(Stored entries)
# # # # # # #
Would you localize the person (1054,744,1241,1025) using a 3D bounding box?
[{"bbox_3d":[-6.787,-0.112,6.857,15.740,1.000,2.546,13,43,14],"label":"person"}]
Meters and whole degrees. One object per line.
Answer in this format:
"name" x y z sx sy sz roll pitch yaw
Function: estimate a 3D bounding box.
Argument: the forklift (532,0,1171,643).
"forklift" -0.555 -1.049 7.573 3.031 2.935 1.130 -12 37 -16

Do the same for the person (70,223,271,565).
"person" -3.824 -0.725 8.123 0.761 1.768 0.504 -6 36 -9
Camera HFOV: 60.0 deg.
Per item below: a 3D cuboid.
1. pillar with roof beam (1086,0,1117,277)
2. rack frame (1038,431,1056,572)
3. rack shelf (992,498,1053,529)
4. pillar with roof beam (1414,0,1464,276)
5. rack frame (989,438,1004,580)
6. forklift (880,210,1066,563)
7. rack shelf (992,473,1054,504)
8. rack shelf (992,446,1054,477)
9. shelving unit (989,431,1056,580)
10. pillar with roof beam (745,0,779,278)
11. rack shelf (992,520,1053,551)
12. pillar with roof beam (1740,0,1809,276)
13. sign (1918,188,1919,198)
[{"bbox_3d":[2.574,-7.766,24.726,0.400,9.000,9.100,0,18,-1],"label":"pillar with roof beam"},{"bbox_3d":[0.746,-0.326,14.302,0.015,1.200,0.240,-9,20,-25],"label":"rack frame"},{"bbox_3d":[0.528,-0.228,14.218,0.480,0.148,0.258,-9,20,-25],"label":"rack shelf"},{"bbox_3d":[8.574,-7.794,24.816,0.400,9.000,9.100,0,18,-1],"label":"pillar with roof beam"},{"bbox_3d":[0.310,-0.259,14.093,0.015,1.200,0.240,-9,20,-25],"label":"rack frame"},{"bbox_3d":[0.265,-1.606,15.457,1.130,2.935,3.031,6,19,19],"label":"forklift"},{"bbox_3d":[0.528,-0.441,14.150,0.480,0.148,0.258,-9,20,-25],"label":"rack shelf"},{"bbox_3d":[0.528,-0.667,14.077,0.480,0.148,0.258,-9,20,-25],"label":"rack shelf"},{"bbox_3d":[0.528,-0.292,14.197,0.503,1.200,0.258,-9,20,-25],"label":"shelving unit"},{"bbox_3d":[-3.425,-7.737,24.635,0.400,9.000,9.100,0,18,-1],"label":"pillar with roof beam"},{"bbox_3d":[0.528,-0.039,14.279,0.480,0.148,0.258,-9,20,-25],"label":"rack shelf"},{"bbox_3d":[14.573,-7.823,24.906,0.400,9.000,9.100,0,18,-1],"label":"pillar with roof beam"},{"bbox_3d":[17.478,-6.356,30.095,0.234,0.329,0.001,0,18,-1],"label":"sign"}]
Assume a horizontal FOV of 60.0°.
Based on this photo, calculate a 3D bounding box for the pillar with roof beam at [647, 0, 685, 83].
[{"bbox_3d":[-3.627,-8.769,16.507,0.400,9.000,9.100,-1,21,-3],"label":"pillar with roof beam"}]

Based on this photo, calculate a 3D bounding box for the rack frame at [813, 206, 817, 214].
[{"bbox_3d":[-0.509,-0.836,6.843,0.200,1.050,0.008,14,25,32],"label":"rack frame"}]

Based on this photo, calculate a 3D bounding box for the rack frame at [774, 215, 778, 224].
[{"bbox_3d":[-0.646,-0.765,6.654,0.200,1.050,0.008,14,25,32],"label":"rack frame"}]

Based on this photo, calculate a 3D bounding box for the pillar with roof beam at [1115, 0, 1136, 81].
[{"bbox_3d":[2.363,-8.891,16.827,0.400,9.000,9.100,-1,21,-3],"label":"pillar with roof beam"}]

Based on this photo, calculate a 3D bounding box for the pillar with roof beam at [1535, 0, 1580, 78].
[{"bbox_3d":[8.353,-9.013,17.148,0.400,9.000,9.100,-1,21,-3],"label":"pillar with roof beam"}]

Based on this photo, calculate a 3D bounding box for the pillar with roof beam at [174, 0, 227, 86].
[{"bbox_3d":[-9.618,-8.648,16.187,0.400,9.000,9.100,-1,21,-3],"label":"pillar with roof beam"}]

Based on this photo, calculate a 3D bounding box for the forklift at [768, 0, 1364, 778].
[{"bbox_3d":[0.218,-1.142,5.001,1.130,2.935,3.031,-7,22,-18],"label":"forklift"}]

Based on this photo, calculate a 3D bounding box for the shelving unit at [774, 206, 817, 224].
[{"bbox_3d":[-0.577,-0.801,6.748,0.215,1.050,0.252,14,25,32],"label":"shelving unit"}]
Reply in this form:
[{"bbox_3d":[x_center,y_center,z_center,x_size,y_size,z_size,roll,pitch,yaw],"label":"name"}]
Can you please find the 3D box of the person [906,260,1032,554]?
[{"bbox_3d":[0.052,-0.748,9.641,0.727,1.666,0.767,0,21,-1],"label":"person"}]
# # # # # # #
Work to complete: Go through the data and copy every line that includes "pitch".

Response area:
"name" x y z sx sy sz roll pitch yaw
[{"bbox_3d":[x_center,y_center,z_center,x_size,y_size,z_size,roll,pitch,yaw],"label":"name"}]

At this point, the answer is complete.